"""

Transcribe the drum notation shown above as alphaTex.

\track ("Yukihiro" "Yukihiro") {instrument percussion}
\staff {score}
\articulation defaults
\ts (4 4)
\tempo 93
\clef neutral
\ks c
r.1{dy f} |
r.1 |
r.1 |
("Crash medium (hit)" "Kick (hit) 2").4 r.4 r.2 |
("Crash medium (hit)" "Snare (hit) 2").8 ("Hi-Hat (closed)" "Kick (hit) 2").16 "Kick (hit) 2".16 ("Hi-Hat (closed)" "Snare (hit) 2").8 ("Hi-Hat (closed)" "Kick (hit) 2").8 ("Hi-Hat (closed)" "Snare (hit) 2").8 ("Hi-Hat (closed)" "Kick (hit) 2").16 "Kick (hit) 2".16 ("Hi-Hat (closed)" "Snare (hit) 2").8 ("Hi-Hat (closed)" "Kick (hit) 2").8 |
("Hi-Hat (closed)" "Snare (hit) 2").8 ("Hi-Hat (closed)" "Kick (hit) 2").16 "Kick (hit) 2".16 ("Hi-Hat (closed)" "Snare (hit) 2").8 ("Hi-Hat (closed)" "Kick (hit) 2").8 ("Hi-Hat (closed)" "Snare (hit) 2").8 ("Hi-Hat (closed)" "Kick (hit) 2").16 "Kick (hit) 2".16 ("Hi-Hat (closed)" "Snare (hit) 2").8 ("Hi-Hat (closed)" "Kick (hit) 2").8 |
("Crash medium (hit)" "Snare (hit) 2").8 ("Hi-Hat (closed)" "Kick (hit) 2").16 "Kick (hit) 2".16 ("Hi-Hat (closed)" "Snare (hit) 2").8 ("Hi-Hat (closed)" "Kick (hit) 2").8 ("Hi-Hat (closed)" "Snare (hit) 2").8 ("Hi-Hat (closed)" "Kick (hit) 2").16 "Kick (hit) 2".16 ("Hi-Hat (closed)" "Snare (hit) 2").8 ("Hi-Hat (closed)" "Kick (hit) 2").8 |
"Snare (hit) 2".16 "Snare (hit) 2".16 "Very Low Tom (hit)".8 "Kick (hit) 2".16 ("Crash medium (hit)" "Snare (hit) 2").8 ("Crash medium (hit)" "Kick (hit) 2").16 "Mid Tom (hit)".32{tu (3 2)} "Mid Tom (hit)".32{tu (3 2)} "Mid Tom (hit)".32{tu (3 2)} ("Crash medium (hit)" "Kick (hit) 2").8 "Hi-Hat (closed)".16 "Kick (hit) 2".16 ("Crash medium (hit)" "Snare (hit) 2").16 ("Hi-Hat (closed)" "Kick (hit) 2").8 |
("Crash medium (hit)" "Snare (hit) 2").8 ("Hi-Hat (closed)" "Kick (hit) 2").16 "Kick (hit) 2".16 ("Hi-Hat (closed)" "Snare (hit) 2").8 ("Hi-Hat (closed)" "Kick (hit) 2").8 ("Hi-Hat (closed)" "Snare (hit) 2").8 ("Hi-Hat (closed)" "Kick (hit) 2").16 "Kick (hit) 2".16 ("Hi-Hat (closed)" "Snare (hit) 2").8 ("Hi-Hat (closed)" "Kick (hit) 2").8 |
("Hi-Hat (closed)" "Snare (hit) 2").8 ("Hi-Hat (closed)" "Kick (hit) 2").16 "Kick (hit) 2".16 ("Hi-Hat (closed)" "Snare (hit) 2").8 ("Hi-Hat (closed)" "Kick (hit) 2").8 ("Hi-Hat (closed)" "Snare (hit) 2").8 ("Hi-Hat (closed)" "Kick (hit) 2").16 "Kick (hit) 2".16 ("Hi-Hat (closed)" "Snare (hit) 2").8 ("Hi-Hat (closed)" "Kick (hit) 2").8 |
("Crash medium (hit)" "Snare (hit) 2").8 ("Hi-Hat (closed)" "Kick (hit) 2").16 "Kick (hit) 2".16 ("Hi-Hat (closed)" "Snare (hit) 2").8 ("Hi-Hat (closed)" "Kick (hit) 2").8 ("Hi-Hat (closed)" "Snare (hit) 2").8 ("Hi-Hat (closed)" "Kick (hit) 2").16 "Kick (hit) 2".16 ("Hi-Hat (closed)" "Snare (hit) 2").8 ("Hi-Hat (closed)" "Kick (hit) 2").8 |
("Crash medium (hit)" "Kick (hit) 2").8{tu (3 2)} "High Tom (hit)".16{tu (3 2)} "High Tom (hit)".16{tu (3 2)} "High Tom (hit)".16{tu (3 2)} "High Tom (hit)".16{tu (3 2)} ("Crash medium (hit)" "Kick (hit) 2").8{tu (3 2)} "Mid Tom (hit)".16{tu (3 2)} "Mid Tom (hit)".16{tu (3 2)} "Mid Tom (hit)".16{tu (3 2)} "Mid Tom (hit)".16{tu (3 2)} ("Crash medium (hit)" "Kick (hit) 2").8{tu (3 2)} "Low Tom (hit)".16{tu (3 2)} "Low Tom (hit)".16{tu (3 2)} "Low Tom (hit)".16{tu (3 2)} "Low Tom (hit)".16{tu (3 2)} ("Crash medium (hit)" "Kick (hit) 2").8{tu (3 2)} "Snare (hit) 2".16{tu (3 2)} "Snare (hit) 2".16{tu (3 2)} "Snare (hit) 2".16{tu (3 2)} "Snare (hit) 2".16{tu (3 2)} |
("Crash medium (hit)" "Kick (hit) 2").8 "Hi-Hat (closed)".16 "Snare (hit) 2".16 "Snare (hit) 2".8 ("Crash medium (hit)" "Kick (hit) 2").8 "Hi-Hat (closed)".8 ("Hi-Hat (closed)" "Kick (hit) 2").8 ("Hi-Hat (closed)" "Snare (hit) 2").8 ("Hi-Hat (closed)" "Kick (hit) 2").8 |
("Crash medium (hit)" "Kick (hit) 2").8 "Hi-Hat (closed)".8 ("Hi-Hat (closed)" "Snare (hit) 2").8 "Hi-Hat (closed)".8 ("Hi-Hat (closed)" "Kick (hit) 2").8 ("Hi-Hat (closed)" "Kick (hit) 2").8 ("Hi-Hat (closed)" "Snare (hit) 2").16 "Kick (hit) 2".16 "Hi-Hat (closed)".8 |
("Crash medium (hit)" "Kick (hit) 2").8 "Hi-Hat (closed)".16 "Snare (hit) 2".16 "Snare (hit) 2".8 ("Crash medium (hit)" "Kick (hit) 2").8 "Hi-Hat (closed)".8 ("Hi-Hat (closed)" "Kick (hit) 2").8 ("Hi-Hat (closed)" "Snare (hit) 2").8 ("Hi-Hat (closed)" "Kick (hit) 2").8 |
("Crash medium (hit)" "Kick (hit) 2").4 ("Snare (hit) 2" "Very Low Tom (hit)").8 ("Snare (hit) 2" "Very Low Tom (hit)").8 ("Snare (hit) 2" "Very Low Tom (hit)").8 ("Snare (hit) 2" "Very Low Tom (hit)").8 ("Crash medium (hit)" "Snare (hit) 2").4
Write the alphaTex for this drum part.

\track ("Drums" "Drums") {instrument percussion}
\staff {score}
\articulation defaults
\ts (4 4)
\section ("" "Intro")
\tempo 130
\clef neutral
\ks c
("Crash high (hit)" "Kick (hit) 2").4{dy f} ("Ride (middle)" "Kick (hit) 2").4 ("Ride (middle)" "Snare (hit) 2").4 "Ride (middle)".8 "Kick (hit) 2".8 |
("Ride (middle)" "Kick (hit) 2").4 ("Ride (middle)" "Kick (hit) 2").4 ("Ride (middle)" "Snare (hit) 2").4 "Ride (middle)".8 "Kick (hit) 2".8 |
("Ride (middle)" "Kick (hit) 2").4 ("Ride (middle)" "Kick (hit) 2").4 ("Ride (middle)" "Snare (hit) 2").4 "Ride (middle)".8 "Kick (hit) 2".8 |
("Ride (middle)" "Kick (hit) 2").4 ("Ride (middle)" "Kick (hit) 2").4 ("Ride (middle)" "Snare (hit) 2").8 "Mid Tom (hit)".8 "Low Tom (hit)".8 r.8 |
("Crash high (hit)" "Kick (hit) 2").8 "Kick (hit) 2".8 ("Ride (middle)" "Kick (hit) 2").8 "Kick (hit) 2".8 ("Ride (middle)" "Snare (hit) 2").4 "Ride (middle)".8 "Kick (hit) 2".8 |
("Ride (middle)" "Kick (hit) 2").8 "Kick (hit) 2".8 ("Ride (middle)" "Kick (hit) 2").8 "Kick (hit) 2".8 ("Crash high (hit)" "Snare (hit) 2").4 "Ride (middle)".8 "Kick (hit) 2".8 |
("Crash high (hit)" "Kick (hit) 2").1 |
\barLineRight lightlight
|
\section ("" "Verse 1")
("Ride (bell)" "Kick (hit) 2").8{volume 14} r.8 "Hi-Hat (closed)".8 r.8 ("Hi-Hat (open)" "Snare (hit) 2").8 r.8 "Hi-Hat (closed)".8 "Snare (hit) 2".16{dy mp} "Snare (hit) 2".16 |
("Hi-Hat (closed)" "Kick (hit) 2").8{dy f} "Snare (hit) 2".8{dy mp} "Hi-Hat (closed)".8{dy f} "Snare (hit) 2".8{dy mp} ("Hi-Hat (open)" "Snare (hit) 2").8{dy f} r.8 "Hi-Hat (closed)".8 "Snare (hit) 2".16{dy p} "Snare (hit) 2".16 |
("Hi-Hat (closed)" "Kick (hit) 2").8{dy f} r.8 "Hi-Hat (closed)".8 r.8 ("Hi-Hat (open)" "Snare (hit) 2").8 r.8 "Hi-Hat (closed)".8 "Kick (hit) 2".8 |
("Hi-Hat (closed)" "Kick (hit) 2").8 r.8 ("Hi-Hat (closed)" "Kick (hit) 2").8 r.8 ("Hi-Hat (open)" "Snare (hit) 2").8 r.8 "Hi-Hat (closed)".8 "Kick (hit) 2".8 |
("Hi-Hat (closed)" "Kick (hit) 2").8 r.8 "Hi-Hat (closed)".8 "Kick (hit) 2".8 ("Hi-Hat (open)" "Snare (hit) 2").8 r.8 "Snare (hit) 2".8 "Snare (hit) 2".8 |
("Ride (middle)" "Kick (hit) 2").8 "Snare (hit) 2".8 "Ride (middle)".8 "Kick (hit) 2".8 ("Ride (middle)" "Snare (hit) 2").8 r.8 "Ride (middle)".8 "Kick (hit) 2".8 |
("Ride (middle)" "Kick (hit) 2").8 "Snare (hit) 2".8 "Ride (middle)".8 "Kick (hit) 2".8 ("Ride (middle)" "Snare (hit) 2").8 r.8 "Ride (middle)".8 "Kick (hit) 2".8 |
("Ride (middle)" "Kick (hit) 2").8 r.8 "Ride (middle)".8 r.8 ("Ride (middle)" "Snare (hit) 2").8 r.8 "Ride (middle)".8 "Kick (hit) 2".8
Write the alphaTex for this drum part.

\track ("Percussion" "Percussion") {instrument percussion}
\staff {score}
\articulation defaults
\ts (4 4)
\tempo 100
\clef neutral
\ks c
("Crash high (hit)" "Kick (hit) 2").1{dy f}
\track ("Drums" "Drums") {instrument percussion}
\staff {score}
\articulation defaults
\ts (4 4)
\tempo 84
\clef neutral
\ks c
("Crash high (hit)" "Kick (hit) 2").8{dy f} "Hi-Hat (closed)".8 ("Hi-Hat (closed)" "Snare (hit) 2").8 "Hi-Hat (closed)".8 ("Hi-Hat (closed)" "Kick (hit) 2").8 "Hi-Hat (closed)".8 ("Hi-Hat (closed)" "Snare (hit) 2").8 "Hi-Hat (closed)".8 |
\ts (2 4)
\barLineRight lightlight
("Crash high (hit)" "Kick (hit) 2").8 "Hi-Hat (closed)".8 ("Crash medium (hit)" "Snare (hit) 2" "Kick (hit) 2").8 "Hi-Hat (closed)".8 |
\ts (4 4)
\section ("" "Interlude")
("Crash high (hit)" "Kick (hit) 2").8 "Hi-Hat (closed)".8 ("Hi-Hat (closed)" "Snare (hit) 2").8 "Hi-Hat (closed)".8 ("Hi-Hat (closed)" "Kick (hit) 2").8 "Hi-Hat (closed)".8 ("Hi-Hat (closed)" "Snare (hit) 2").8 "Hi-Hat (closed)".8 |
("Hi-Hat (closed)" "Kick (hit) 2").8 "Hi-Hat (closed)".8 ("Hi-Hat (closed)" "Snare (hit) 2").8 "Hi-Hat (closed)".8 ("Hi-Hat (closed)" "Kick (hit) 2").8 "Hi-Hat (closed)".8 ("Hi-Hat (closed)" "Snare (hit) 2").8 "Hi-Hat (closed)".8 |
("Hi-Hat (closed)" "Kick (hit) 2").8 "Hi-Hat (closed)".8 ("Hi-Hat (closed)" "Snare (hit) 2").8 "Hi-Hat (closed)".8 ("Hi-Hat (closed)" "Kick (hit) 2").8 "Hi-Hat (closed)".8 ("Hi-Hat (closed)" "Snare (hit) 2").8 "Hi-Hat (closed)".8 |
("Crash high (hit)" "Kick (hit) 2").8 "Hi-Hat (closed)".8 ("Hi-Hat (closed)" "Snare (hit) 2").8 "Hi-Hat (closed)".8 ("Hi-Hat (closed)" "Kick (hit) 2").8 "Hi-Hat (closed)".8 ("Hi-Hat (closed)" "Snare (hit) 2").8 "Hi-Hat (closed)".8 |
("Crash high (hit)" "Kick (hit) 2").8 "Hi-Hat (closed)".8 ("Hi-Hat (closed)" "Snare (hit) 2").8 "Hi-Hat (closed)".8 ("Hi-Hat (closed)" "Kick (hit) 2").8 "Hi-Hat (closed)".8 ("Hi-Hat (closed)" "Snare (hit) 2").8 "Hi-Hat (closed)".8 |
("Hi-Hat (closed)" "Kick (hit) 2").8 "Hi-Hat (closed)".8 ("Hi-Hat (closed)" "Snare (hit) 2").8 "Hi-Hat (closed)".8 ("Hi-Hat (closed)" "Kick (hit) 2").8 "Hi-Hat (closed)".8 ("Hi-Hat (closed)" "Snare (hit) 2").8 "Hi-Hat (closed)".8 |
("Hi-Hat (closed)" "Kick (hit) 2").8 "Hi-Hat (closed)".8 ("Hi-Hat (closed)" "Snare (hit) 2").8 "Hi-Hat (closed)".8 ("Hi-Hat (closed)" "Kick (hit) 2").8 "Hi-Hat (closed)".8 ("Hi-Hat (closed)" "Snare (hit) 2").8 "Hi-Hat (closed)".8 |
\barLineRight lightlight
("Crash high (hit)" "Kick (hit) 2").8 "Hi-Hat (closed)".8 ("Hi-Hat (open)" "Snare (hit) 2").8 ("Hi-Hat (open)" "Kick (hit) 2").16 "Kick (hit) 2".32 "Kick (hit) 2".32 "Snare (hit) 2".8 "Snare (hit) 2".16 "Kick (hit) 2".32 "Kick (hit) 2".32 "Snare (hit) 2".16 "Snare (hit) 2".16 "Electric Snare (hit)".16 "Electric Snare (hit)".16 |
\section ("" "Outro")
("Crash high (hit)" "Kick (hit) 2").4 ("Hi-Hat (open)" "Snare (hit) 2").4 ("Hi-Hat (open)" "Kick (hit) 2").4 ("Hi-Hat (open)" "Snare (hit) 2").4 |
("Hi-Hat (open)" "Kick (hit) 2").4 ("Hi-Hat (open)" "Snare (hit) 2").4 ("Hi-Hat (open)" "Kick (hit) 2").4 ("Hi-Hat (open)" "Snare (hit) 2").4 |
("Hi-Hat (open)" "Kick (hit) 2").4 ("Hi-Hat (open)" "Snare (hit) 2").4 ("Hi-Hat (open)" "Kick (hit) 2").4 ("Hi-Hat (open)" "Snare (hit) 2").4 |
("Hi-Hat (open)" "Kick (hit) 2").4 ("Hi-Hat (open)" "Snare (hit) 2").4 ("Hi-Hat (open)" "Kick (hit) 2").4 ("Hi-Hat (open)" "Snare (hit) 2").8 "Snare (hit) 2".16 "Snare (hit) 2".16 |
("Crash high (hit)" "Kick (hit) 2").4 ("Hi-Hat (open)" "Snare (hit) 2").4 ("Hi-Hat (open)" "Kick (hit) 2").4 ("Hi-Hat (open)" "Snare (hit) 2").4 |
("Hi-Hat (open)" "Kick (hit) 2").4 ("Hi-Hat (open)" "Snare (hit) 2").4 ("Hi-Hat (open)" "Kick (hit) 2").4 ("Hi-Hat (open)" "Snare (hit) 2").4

"""

Pull out every line in the data above that has the word "tempo".

* [TASK OUTPUT]:
\tempo 93
\tempo 130
\tempo 100
\tempo 84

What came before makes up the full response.